AbstractThis paper is concerned with statistical inference for longitudinal data with ultrahigh dimensional covariates. We first study the problem of constructing confidence intervals and hypothesis tests for a low dimensional parameter ofinterest. The major challenge is  how to construct an optimal test statistic in the presence of high dimensional nuisance parameters and the sophisticated dependence among measurements. To deal with the challenge, we propose a quadratic decorrelated inference function approach, which simultaneously removes the impact of nuisance parameters and incorporates the correlation to enhance the efficiency of the estimation procedure. We prove that the proposed estimator is asymptotically normal and attains the semiparametric information bound, based on which we can construct an optimal test statistic for the parameter of interest.  We conduct simulation studies to assess the finite sample performance of the proposed procedures. Our simulation results implies that the newly proposed procedure can control both Type I error for testing a low dimensional parameter of interest. We illustrate the proposed procedure by a real data example.  This is joint work with Ethan Fang and Yang Ning.

 

May 3, 2018 

Topic: "Recent Advances in Elastic Functional Data Analysis​"

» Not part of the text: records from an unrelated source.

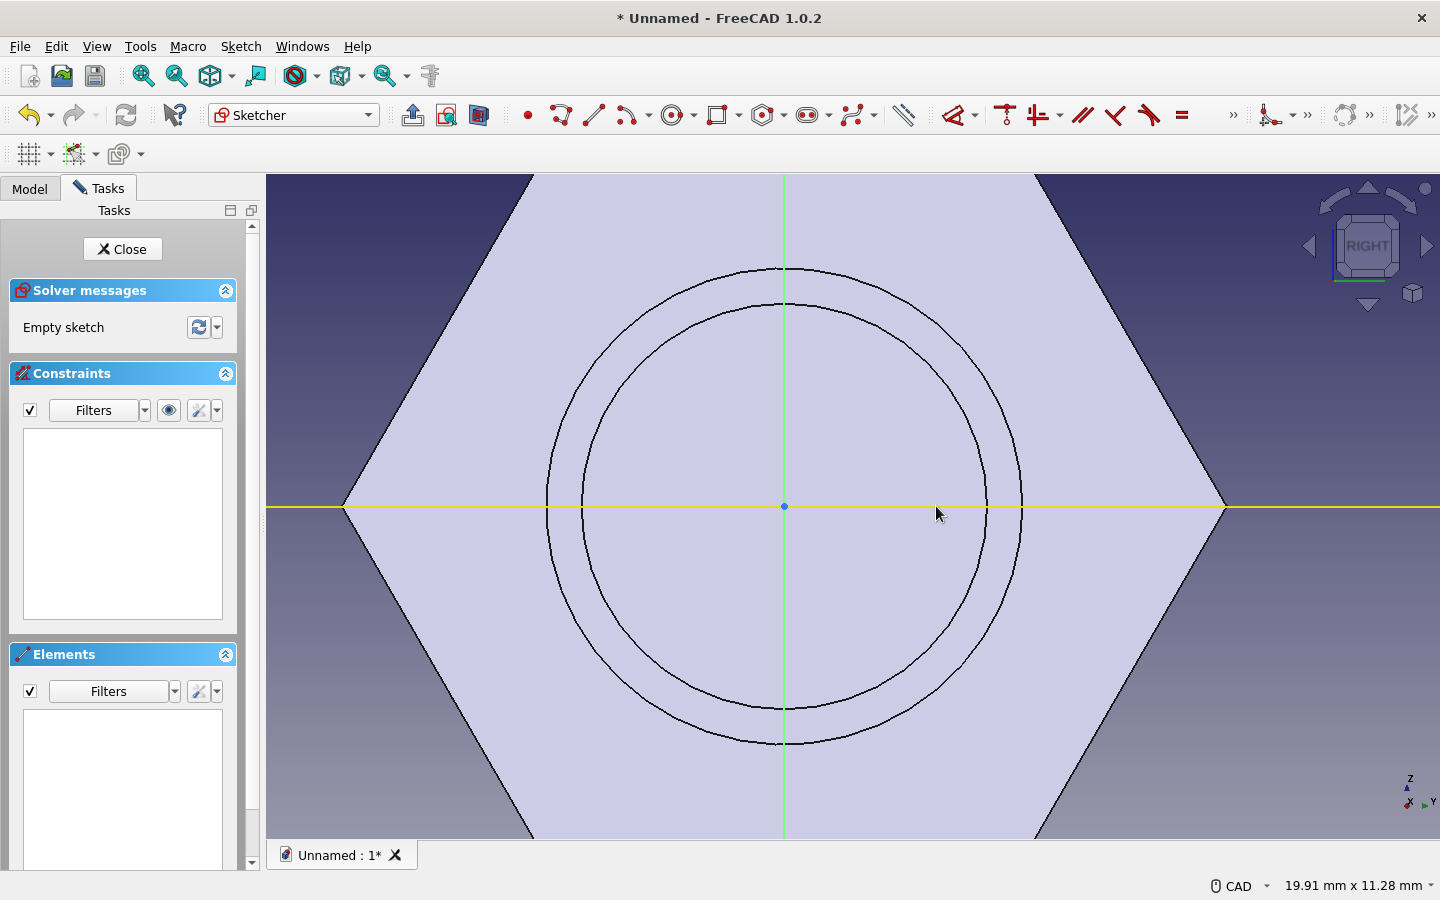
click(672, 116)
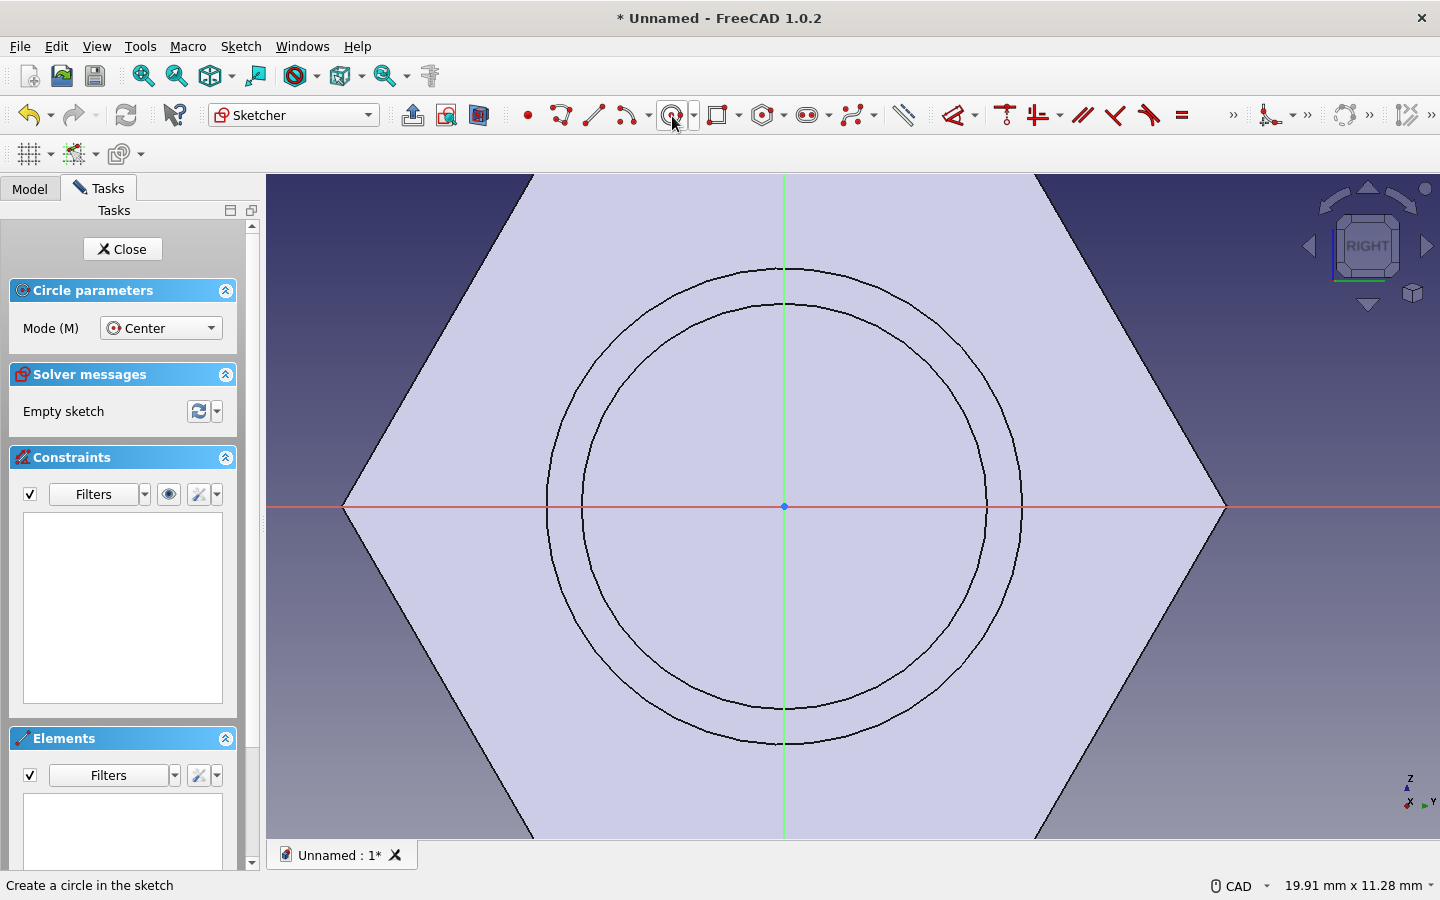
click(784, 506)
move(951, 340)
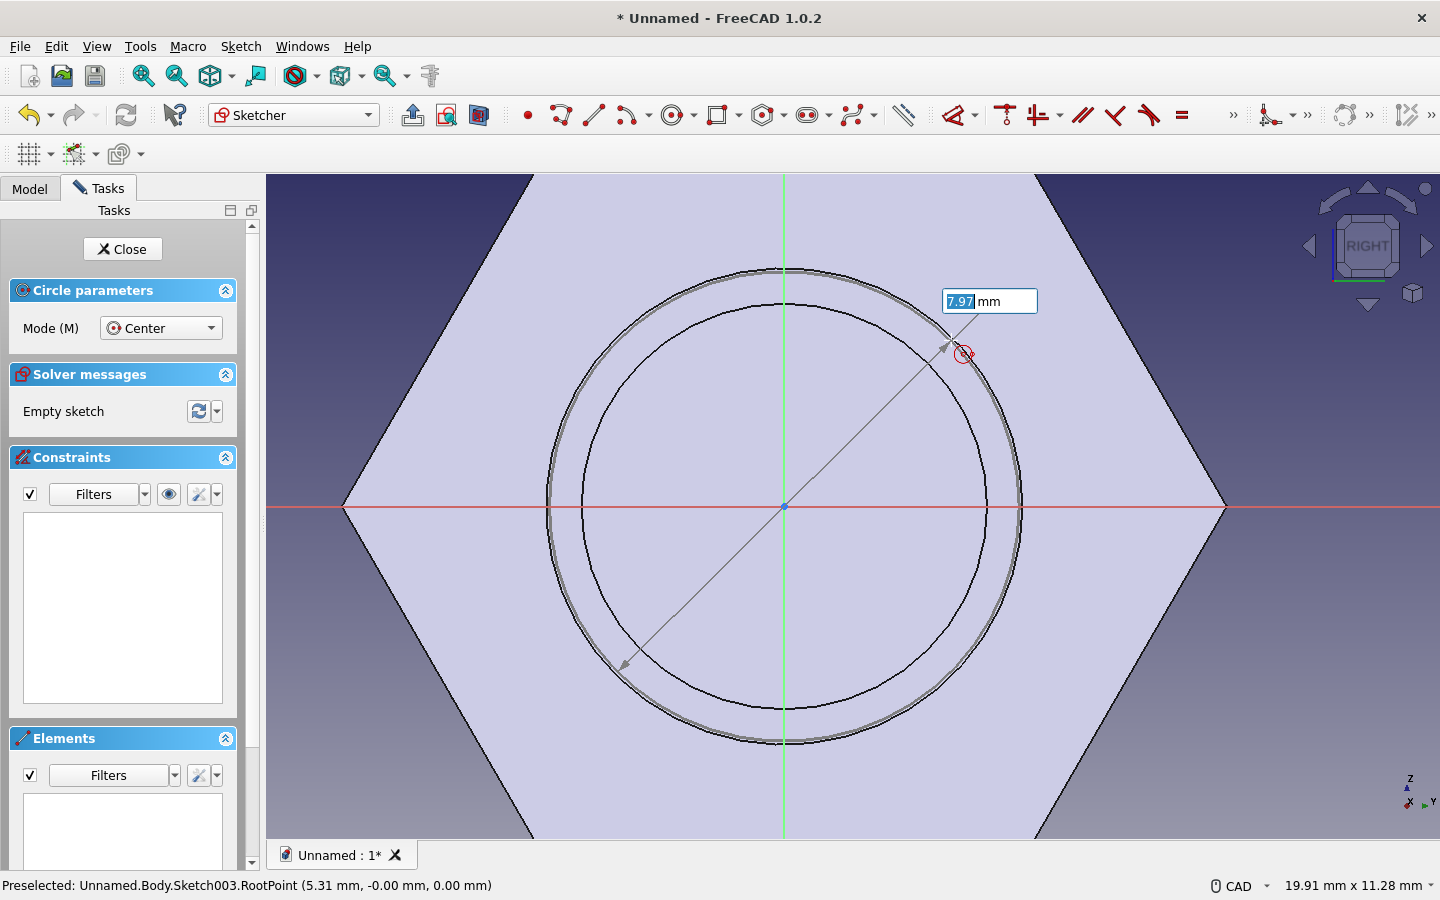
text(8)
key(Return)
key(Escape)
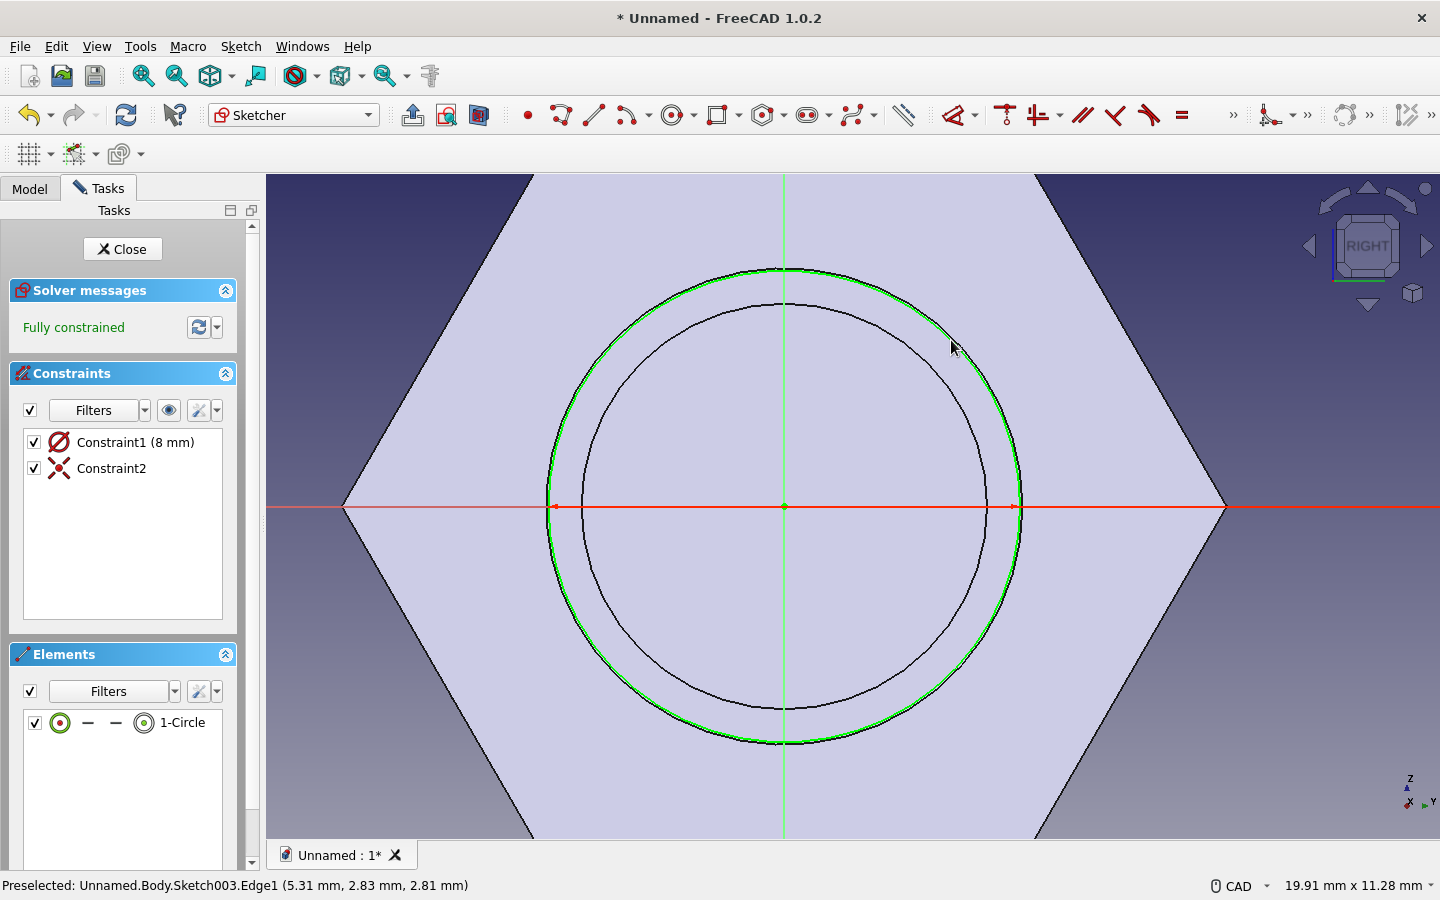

Speaker: Anuj SrivastavaDistinguished Research Professor, Department of Statistics, Florida State University

11:30AM-12:30PM

 

AR BUILDING, 8TH FLOOR AUDITORIUM

 

HOSTED BY: DR. todd Ogden

 

Abstract: Functional data analysis (FDA) is fast becoming an important research area, due to its broad applications in many branches of science, including biostatistics and bioinformatics. An essential component of FDA is registration of points across functional objects. Without proper registration, the results are often inferior and difficult to interpret. The current practice in FDA community is to treat registration as a pre-processing step, using off-the-shelf alignment procedures, and follow it up with statistical analysis of the resulting data. In contrast, Elastic FDA is a more comprehensive approach, where one solves for the registration and statistical inferences in a simultaneous fashion. The key idea here is to use Riemannian metrics with appropriate invariance properties, to form objective functions for alignment and to develop statistical models involving functional data. While these elastic metrics are complicated in general, we have developed a family of square-root transformations that map these metrics into simpler Euclidean representations, thus enabling more standard statistical procedures. Specifically, we have developed techniques for elastic functional PCA and elastic regression models involving functional variables. I will demonstrate this ideas using imaging data in neuroscience and bioinformatics, where biological structures can often be represented as functions (curves or surfaces) on intervals or spheres. Examples of curves include DTI fiber tracts and chromosomes while examples of surfaces include subcortical structures (hippocampus, thalamus, putamen, etc). Statistical goals here include shape analysis and modeling of these structures and to use their shapes in medical diagnosis.